Audiocraft

Audiocraft is a PyTorch library for deep learning research on audio generation. At the moment, it contains the code for MusicGen, a state-of-the-art controllable text-to-music model.

MusicGen

Audiocraft provides the code and models for MusicGen, a simple and controllable model for music generation. MusicGen is a single stage auto-regressive Transformer model trained over a 32kHz EnCodec tokenizer with 4 codebooks sampled at 50 Hz. Unlike existing methods like MusicLM, MusicGen doesn't require a self-supervised semantic representation, and it generates all 4 codebooks in one pass. By introducing a small delay between the codebooks, we show we can predict them in parallel, thus having only 50 auto-regressive steps per second of audio. Check out our sample page or test the available demo!

Installation

Audiocraft requires Python 3.9, PyTorch 2.0.0, and a GPU with at least 16 GB of memory (for the medium-sized model).
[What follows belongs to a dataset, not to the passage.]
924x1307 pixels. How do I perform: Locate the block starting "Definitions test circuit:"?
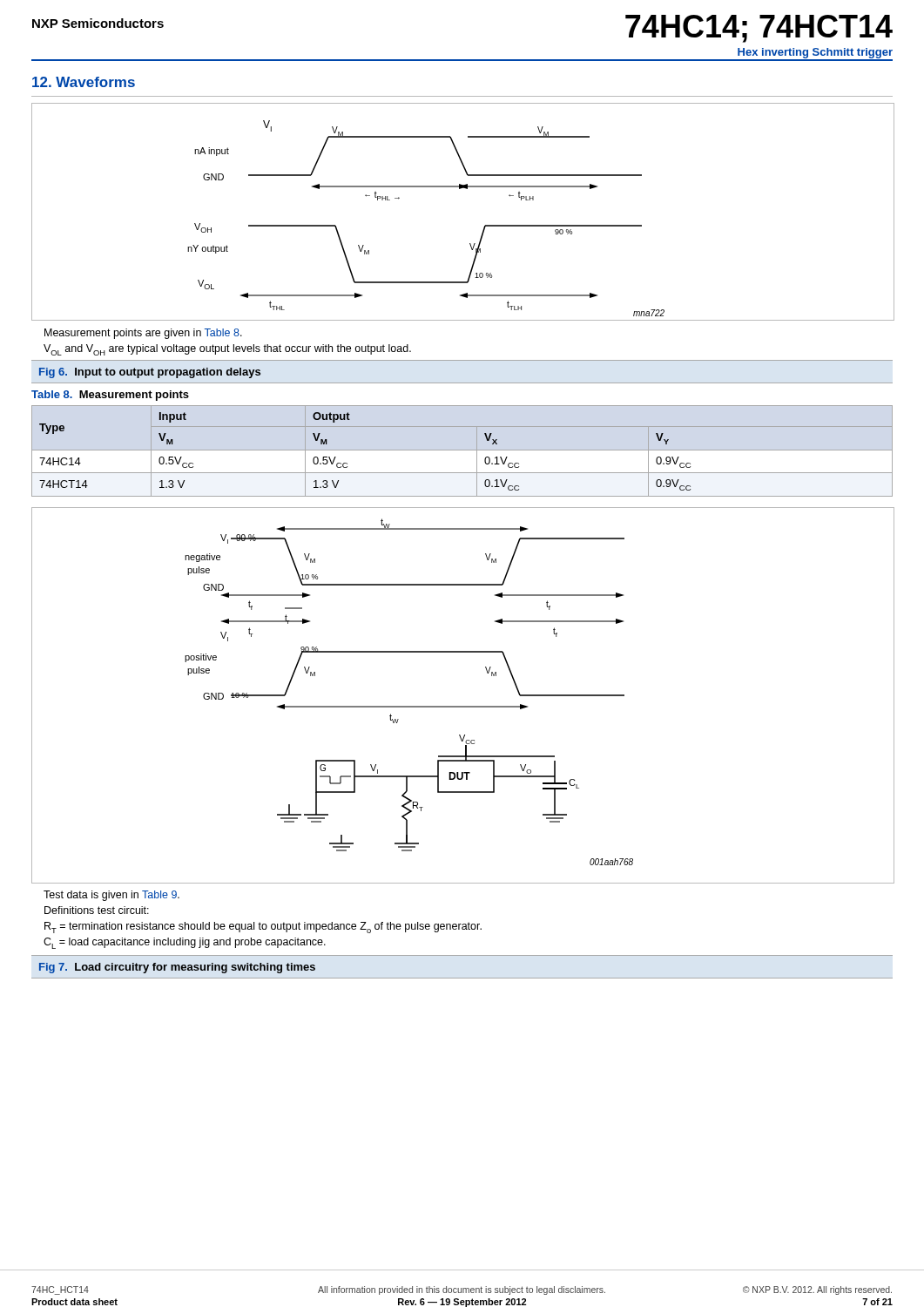click(x=96, y=911)
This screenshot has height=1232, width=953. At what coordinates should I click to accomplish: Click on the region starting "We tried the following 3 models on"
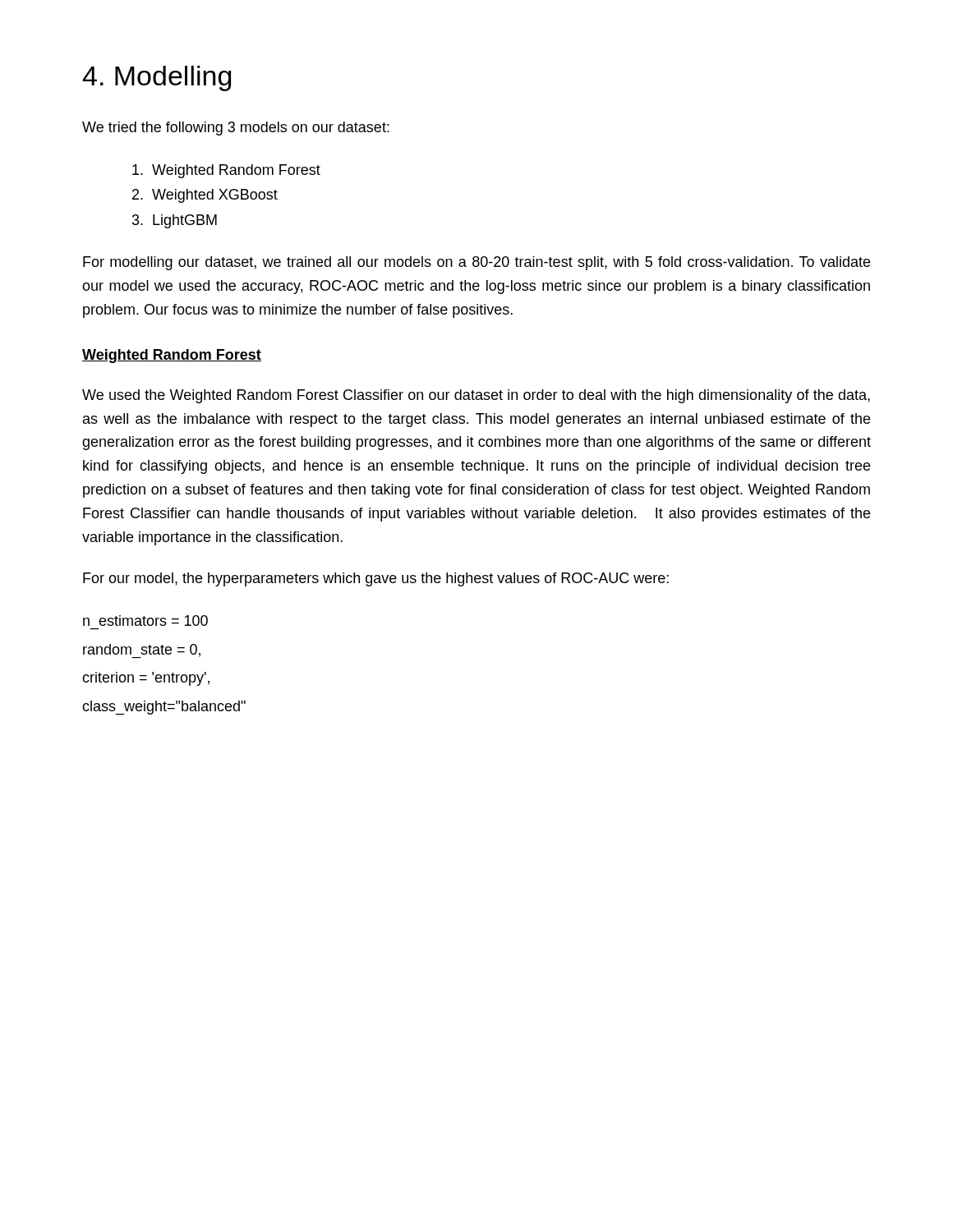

To install Audiocraft, you can run the following:

# Best to make sure you have torch installed first, in particular before installing xformers.
# Don't run this if you already have PyTorch installed.
pip install 'torch>=2.0'
# Then proceed to one of the following
pip install -U audiocraft  # stable release
pip install -U git+https://[email protected]/facebookresearch/audiocraft#egg=audiocraft  # bleeding edge
pip install -e .  # or if you cloned the repo locally

Usage

We offer a number of way to interact with MusicGen:

You can play with MusicGen by running the jupyter notebook at demo.ipynb locally, or use the provided colab notebook.
You can use the gradio demo locally by running python app.py.
Finally, a demo is also available on the facebook/MusicGen HuggingFace Space (huge thanks to all the HF team for their support).

API

We provide a simple API and 4 pre-trained models. The pre trained models are:

small: 300M model, text to music only - 🤗 Hub
medium: 1.5B model, text to music only - 🤗 Hub
melody: 1.5B model, text to music and text+melody to music - 🤗 Hub
large: 3.3B model, text to music only - 🤗 Hub

We observe the best trade-off between quality and compute with the medium or melody model. In order to use MusicGen locally you must have a GPU. We recommend 16GB of memory, but smaller GPUs will be able to generate short sequences, or longer sequences with the small model.

Note: Please make sure to have ffmpeg installed when using newer version of torchaudio. You can install it with:

apt-get install ffmpeg

See after a quick example for using the API.

import torchaudio
from audiocraft.models import MusicGen
from audiocraft.data.audio import audio_write

model = MusicGen.get_pretrained('melody')
model.set_generation_params(duration=8)  # generate 8 seconds.
wav = model.generate_unconditional(4)    # generates 4 unconditional audio samples
descriptions = ['happy rock', 'energetic EDM', 'sad jazz']
wav = model.generate(descriptions)  # generates 3 samples.

melody, sr = torchaudio.load('./assets/bach.mp3')
# generates using the melody from the given audio and the provided descriptions.
wav = model.generate_with_chroma(descriptions, melody[None].expand(3, -1, -1), sr)

for idx, one_wav in enumerate(wav):
    # Will save under {idx}.wav, with loudness normalization at -14 db LUFS.
    audio_write(f'{idx}', one_wav.cpu(), model.sample_rate, strategy="loudness")

Model Card

See the model card page.

FAQ

Will the training code be released?

Yes. We will soon release the training code for MusicGen and EnCodec.

Citation

@article{copet2023simple,
      title={Simple and Controllable Music Generation},
      author={Jade Copet and Felix Kreuk and Itai Gat and Tal Remez and David Kant and Gabriel Synnaeve and Yossi Adi and Alexandre Défossez},
      year={2023},
      journal={arXiv preprint arXiv:2306.05284},
}

License

The code in this repository is released under the MIT license as found in the LICENSE file.
The weights in this repository are released under the CC-BY-NC 4.0 license as found in the LICENSE_weights file.